After more than a decade of fighting the revolution, which was little more than a many-sided civil war, led by Pancho Villa in the north, Emiliano Zapata in the south, Huerta forces, and troops led by Generals Venustiano Carranza and Alvaro Obregon, the latter two each became president and each was assassinated in office.

Finally, a peace was called. Another revolutionary general, Plutarco Elias Calles, called for an official party to represent the ideals they had been fighting for. Again, in 1938, President Lazaro Cardenas not only called for drastic reforms he nationalized the oil industry, redistributed the land, and organized factory workers, government bureaucrats, and schoolteachers. He renamed it the Party of the Mexican Revolution. But it was not until 1946 that it was restructured as PRI and “its rules of conduct became part of the civic decorum, as routine as Sunday Mass for Catholics,” the authors tell us.

It is shown how the PRI became synonymous with heavy-handed corruption and ego-centered political power that resulted in such atrocities as the killing of hundreds of demonstrating students at Tlatelolco in 1968, the absence of aid after the earthquake of 1985 in downtown Mexico City, the illegal and violent activities during elections around the country that were symbolized by the gubernatorial elections in Chihuahua in 1986, the growth of narcotics trafficking in the 1990s, and the prevalence of the crime of kidnapping. The authors detail the problems that were exacerbated by the presidencies of Carlos Salinas and Ernesto Zedillo.

Detail is piled upon detail, all fascinating and relevant, showing the reason for the rise of the country boy cowboy politician, Vicente Fox, who became the first opposition candidate to win the presidency, opening the doors for democracy. The authors point out that Mexico had the perfect opportunity for dictatorship or a communist regime throughout the 20th century. However, unlike many other Latin American countries, it veered away from either, keeping itself primed for democracy.

They write: “Mexico was changing because Mexicans were changing. When the authoritarian system was founded in 1929, the population was just 16 million. During the four decades of development that followed, the population tripled, to 48 million in 1970. Then widespread use of birth control led to a plunge in the fertility rate. In 1965 women had seven children on average; by the 1990s only three. With smaller families to care for, Mexicans spent more of their money on their children’s education, and women worked or spent more time outside the home. Life expectancy rose from 61 to 70 years for men and from 65 to 75 for women. The infant-mortality rate dropped from 31 to 22 deaths per 1,000 live births in just seven years during the 1990s, despite the economic crisis. During the same years university enrollment jumped by 42 percent.”

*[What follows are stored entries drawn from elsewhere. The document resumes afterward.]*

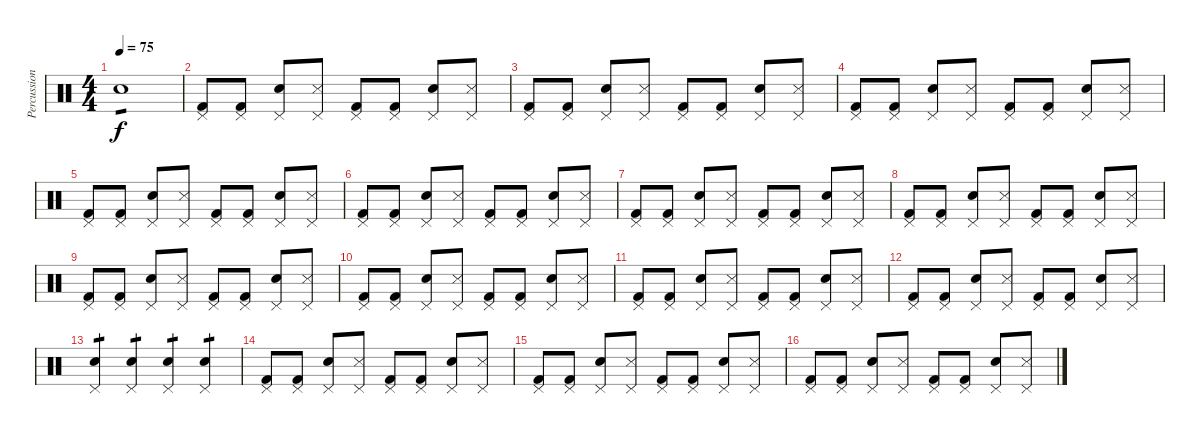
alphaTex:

\track ("Percussions" "Percussion") {instrument percussion}
\staff {score}
\articulation defaults
\ts (4 4)
\tempo 75
\clef neutral
\ks c "Snare (hit) 2".1{tp 1 dy f}
|
("Kick (hit) 2" "Pedal Hi-Hat (hit)").8 ("Kick (hit) 2" "Pedal Hi-Hat (hit)").8 ("Snare (hit) 2" "Pedal Hi-Hat (hit)").8 ("Snare (side stick) 3" "Pedal Hi-Hat (hit)").8 ("Kick (hit) 2" "Pedal Hi-Hat (hit)").8 ("Kick (hit) 2" "Pedal Hi-Hat (hit)").8 ("Snare (hit) 2" "Pedal Hi-Hat (hit)").8 ("Snare (side stick) 3" "Pedal Hi-Hat (hit)").8 |
("Kick (hit) 2" "Pedal Hi-Hat (hit)").8 ("Kick (hit) 2" "Pedal Hi-Hat (hit)").8 ("Snare (hit) 2" "Pedal Hi-Hat (hit)").8 ("Snare (side stick) 3" "Pedal Hi-Hat (hit)").8 ("Kick (hit) 2" "Pedal Hi-Hat (hit)").8 ("Kick (hit) 2" "Pedal Hi-Hat (hit)").8 ("Snare (hit) 2" "Pedal Hi-Hat (hit)").8 ("Snare (side stick) 3" "Pedal Hi-Hat (hit)").8 |
("Kick (hit) 2" "Pedal Hi-Hat (hit)").8 ("Kick (hit) 2" "Pedal Hi-Hat (hit)").8 ("Snare (hit) 2" "Pedal Hi-Hat (hit)").8 ("Snare (side stick) 3" "Pedal Hi-Hat (hit)").8 ("Kick (hit) 2" "Pedal Hi-Hat (hit)").8 ("Kick (hit) 2" "Pedal Hi-Hat (hit)").8 ("Snare (hit) 2" "Pedal Hi-Hat (hit)").8 ("Snare (side stick) 3" "Pedal Hi-Hat (hit)").8 |
("Kick (hit) 2" "Pedal Hi-Hat (hit)").8 ("Kick (hit) 2" "Pedal Hi-Hat (hit)").8 ("Snare (hit) 2" "Pedal Hi-Hat (hit)").8 ("Snare (side stick) 3" "Pedal Hi-Hat (hit)").8 ("Kick (hit) 2" "Pedal Hi-Hat (hit)").8 ("Kick (hit) 2" "Pedal Hi-Hat (hit)").8 ("Snare (hit) 2" "Pedal Hi-Hat (hit)").8 ("Snare (side stick) 3" "Pedal Hi-Hat (hit)").8 |
("Kick (hit) 2" "Pedal Hi-Hat (hit)").8 ("Kick (hit) 2" "Pedal Hi-Hat (hit)").8 ("Snare (hit) 2" "Pedal Hi-Hat (hit)").8 ("Snare (side stick) 3" "Pedal Hi-Hat (hit)").8 ("Kick (hit) 2" "Pedal Hi-Hat (hit)").8 ("Kick (hit) 2" "Pedal Hi-Hat (hit)").8 ("Snare (hit) 2" "Pedal Hi-Hat (hit)").8 ("Snare (side stick) 3" "Pedal Hi-Hat (hit)").8 |
("Kick (hit) 2" "Pedal Hi-Hat (hit)").8 ("Kick (hit) 2" "Pedal Hi-Hat (hit)").8 ("Snare (hit) 2" "Pedal Hi-Hat (hit)").8 ("Snare (side stick) 3" "Pedal Hi-Hat (hit)").8 ("Kick (hit) 2" "Pedal Hi-Hat (hit)").8 ("Kick (hit) 2" "Pedal Hi-Hat (hit)").8 ("Snare (hit) 2" "Pedal Hi-Hat (hit)").8 ("Snare (side stick) 3" "Pedal Hi-Hat (hit)").8 |
("Kick (hit) 2" "Pedal Hi-Hat (hit)").8 ("Kick (hit) 2" "Pedal Hi-Hat (hit)").8 ("Snare (hit) 2" "Pedal Hi-Hat (hit)").8 ("Snare (side stick) 3" "Pedal Hi-Hat (hit)").8 ("Kick (hit) 2" "Pedal Hi-Hat (hit)").8 ("Kick (hit) 2" "Pedal Hi-Hat (hit)").8 ("Snare (hit) 2" "Pedal Hi-Hat (hit)").8 ("Snare (side stick) 3" "Pedal Hi-Hat (hit)").8 |
("Kick (hit) 2" "Pedal Hi-Hat (hit)").8 ("Kick (hit) 2" "Pedal Hi-Hat (hit)").8 ("Snare (hit) 2" "Pedal Hi-Hat (hit)").8 ("Snare (side stick) 3" "Pedal Hi-Hat (hit)").8 ("Kick (hit) 2" "Pedal Hi-Hat (hit)").8 ("Kick (hit) 2" "Pedal Hi-Hat (hit)").8 ("Snare (hit) 2" "Pedal Hi-Hat (hit)").8 ("Snare (side stick) 3" "Pedal Hi-Hat (hit)").8 |
("Kick (hit) 2" "Pedal Hi-Hat (hit)").8 ("Kick (hit) 2" "Pedal Hi-Hat (hit)").8 ("Snare (hit) 2" "Pedal Hi-Hat (hit)").8 ("Snare (side stick) 3" "Pedal Hi-Hat (hit)").8 ("Kick (hit) 2" "Pedal Hi-Hat (hit)").8 ("Kick (hit) 2" "Pedal Hi-Hat (hit)").8 ("Snare (hit) 2" "Pedal Hi-Hat (hit)").8 ("Snare (side stick) 3" "Pedal Hi-Hat (hit)").8 |
("Kick (hit) 2" "Pedal Hi-Hat (hit)").8 ("Kick (hit) 2" "Pedal Hi-Hat (hit)").8 ("Snare (hit) 2" "Pedal Hi-Hat (hit)").8 ("Snare (side stick) 3" "Pedal Hi-Hat (hit)").8 ("Kick (hit) 2" "Pedal Hi-Hat (hit)").8 ("Kick (hit) 2" "Pedal Hi-Hat (hit)").8 ("Snare (hit) 2" "Pedal Hi-Hat (hit)").8 ("Snare (side stick) 3" "Pedal Hi-Hat (hit)").8 |
("Kick (hit) 2" "Pedal Hi-Hat (hit)").8 ("Kick (hit) 2" "Pedal Hi-Hat (hit)").8 ("Snare (hit) 2" "Pedal Hi-Hat (hit)").8 ("Snare (side stick) 3" "Pedal Hi-Hat (hit)").8 ("Kick (hit) 2" "Pedal Hi-Hat (hit)").8 ("Kick (hit) 2" "Pedal Hi-Hat (hit)").8 ("Snare (hit) 2" "Pedal Hi-Hat (hit)").8 ("Snare (side stick) 3" "Pedal Hi-Hat (hit)").8 |
("Snare (hit) 2" "Pedal Hi-Hat (hit)").4{tp 1} ("Snare (hit) 2" "Pedal Hi-Hat (hit)").4{tp 1} ("Snare (hit) 2" "Pedal Hi-Hat (hit)").4{tp 1} ("Snare (hit) 2" "Pedal Hi-Hat (hit)").4{tp 1} |
("Kick (hit) 2" "Pedal Hi-Hat (hit)").8 ("Kick (hit) 2" "Pedal Hi-Hat (hit)").8 ("Snare (hit) 2" "Pedal Hi-Hat (hit)").8 ("Snare (side stick) 3" "Pedal Hi-Hat (hit)").8 ("Kick (hit) 2" "Pedal Hi-Hat (hit)").8 ("Kick (hit) 2" "Pedal Hi-Hat (hit)").8 ("Snare (hit) 2" "Pedal Hi-Hat (hit)").8 ("Snare (side stick) 3" "Pedal Hi-Hat (hit)").8 |
("Kick (hit) 2" "Pedal Hi-Hat (hit)").8 ("Kick (hit) 2" "Pedal Hi-Hat (hit)").8 ("Snare (hit) 2" "Pedal Hi-Hat (hit)").8 ("Snare (side stick) 3" "Pedal Hi-Hat (hit)").8 ("Kick (hit) 2" "Pedal Hi-Hat (hit)").8 ("Kick (hit) 2" "Pedal Hi-Hat (hit)").8 ("Snare (hit) 2" "Pedal Hi-Hat (hit)").8 ("Snare (side stick) 3" "Pedal Hi-Hat (hit)").8 |
("Kick (hit) 2" "Pedal Hi-Hat (hit)").8 ("Kick (hit) 2" "Pedal Hi-Hat (hit)").8 ("Snare (hit) 2" "Pedal Hi-Hat (hit)").8 ("Snare (side stick) 3" "Pedal Hi-Hat (hit)").8 ("Kick (hit) 2" "Pedal Hi-Hat (hit)").8 ("Kick (hit) 2" "Pedal Hi-Hat (hit)").8 ("Snare (hit) 2" "Pedal Hi-Hat (hit)").8 ("Snare (side stick) 3" "Pedal Hi-Hat (hit)").8

Throughout the rich historical narrative the authors interject personal observations of the events and personalities they witnessed. Comparing the U.S. with Mexico, they point out that “democratic government in the United States was born in the last decades of the 18th century with a brilliant constitution and tremendous grassroots vigor. Yet it took U.S. democracy eight decades to abolish slavery, and after a full century urban corruption as bad as any seen under the PRI was proliferating in the New York slums controlled by Tammany Hall. Did U.S. democracy produce efficient economic policies? The United States had experienced a century and a half of democratic government when the Great Depression put a third of its workers onto soup lines.

“Democracy does not guarantee good government, but it is a set of rules and a culture for resolving differences that allows citizens to limit misgovernment. Mexicans had been building their democracy in earnest for more than three decades, and it was a work in progress. They were now directing a drama in which Vicente Fox, Lopez Obrador, and the lawmakers of the newly independent Congress were temporary players. If those politicians faltered, Mexicans now had the power to call forth other leaders to more boldly carry forward the nation’s agenda.”